(Excerpts from a dataset)
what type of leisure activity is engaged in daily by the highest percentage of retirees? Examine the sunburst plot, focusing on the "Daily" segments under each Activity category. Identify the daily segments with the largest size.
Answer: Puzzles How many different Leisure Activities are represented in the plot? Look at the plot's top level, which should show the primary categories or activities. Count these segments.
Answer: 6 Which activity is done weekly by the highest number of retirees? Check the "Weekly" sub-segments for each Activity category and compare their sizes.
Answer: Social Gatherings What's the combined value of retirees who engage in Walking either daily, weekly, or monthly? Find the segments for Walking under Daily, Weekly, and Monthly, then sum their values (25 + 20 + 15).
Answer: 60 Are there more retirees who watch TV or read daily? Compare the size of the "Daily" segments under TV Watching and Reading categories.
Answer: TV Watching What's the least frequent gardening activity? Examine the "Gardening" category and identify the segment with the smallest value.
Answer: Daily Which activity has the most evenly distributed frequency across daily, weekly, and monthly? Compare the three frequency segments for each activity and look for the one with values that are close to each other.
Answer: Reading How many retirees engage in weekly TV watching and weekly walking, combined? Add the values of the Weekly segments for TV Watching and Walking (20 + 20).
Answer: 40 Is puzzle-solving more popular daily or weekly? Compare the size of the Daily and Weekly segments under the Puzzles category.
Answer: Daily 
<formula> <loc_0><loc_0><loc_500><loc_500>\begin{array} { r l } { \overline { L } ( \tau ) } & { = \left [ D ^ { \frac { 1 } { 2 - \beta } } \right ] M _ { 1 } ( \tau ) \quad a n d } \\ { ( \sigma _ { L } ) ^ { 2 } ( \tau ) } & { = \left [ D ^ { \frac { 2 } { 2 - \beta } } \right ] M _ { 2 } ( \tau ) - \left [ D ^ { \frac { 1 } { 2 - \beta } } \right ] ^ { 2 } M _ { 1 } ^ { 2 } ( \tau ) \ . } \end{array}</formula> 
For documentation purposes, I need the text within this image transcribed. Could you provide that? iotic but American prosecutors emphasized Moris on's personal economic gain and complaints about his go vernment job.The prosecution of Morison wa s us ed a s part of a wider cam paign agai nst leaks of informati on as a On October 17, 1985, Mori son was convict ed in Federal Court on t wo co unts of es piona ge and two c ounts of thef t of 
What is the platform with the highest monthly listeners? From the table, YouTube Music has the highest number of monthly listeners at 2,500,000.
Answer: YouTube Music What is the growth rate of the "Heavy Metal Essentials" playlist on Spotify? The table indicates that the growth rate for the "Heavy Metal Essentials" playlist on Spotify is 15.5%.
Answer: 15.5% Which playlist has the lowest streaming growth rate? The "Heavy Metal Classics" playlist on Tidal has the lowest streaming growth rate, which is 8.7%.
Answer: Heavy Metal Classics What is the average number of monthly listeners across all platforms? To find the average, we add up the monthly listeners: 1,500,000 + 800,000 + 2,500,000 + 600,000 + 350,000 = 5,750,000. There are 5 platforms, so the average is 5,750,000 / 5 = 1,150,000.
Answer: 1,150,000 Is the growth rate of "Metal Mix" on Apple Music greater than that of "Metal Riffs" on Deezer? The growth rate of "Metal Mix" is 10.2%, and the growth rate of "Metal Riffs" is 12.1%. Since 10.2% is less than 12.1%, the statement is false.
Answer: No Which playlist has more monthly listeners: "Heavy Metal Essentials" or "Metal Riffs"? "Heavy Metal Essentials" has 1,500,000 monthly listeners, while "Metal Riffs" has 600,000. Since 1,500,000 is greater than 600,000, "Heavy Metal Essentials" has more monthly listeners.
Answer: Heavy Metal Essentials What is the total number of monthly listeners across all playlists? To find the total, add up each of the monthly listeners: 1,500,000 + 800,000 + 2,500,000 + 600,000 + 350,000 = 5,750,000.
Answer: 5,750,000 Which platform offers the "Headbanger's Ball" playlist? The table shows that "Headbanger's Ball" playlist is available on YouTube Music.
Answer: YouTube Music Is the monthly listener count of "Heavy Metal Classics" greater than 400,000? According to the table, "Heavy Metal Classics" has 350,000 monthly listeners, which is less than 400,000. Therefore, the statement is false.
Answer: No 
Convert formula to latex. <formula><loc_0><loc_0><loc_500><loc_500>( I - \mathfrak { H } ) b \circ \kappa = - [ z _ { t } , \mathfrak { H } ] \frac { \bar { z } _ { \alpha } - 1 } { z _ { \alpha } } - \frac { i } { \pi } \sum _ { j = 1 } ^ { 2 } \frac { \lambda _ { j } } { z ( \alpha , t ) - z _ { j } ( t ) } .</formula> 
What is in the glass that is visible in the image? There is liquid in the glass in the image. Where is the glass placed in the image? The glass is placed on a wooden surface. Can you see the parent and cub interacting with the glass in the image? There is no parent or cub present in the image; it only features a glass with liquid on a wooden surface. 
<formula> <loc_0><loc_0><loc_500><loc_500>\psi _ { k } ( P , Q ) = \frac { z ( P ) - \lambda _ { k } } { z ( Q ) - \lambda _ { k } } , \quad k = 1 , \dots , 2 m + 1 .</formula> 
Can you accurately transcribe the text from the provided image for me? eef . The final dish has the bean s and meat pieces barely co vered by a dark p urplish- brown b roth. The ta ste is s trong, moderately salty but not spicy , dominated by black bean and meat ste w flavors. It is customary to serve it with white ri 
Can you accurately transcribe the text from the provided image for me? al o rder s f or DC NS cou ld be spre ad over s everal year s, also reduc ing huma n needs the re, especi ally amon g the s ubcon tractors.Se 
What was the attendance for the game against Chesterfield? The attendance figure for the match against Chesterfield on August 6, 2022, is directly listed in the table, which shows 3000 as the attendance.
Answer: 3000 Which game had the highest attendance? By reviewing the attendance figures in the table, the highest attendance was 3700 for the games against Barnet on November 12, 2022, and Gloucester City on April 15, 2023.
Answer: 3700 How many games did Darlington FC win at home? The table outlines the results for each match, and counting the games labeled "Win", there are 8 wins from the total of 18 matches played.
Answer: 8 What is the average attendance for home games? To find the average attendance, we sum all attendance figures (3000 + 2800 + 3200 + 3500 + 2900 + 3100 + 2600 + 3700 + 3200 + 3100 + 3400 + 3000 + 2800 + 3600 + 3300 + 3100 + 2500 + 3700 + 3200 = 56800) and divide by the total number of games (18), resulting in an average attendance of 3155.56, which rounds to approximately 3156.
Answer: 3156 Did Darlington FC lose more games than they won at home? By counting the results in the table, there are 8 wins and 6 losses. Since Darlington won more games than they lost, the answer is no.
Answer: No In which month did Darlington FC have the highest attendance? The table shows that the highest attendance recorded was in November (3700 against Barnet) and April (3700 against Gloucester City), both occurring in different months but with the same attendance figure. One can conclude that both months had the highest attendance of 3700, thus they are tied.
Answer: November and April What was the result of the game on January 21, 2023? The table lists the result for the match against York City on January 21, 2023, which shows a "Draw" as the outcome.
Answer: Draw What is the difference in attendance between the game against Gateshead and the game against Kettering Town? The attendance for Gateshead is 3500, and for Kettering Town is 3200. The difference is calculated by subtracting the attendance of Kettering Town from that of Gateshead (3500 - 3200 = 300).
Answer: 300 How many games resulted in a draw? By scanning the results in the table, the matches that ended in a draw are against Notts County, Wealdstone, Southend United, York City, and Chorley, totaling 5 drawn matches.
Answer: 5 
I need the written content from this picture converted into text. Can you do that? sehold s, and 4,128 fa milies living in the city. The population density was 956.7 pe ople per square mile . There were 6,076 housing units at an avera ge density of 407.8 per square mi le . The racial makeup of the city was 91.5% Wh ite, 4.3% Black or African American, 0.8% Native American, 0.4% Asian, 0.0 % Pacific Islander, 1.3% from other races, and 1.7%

→ **Aim of the exercise**: Only the lines from the one holding "Answer: No In" to the end of the entries above belong in the answer, each copied exactly.

→ **Response for this exercise**:
Answer: No In which month did Darlington FC have the highest attendance? The table shows that the highest attendance recorded was in November (3700 against Barnet) and April (3700 against Gloucester City), both occurring in different months but with the same attendance figure. One can conclude that both months had the highest attendance of 3700, thus they are tied.
Answer: November and April What was the result of the game on January 21, 2023? The table lists the result for the match against York City on January 21, 2023, which shows a "Draw" as the outcome.
Answer: Draw What is the difference in attendance between the game against Gateshead and the game against Kettering Town? The attendance for Gateshead is 3500, and for Kettering Town is 3200. The difference is calculated by subtracting the attendance of Kettering Town from that of Gateshead (3500 - 3200 = 300).
Answer: 300 How many games resulted in a draw? By scanning the results in the table, the matches that ended in a draw are against Notts County, Wealdstone, Southend United, York City, and Chorley, totaling 5 drawn matches.
Answer: 5 
I need the written content from this picture converted into text. Can you do that? sehold s, and 4,128 fa milies living in the city. The population density was 956.7 pe ople per square mile . There were 6,076 housing units at an avera ge density of 407.8 per square mi le . The racial makeup of the city was 91.5% Wh ite, 4.3% Black or African American, 0.8% Native American, 0.4% Asian, 0.0 % Pacific Islander, 1.3% from other races, and 1.7%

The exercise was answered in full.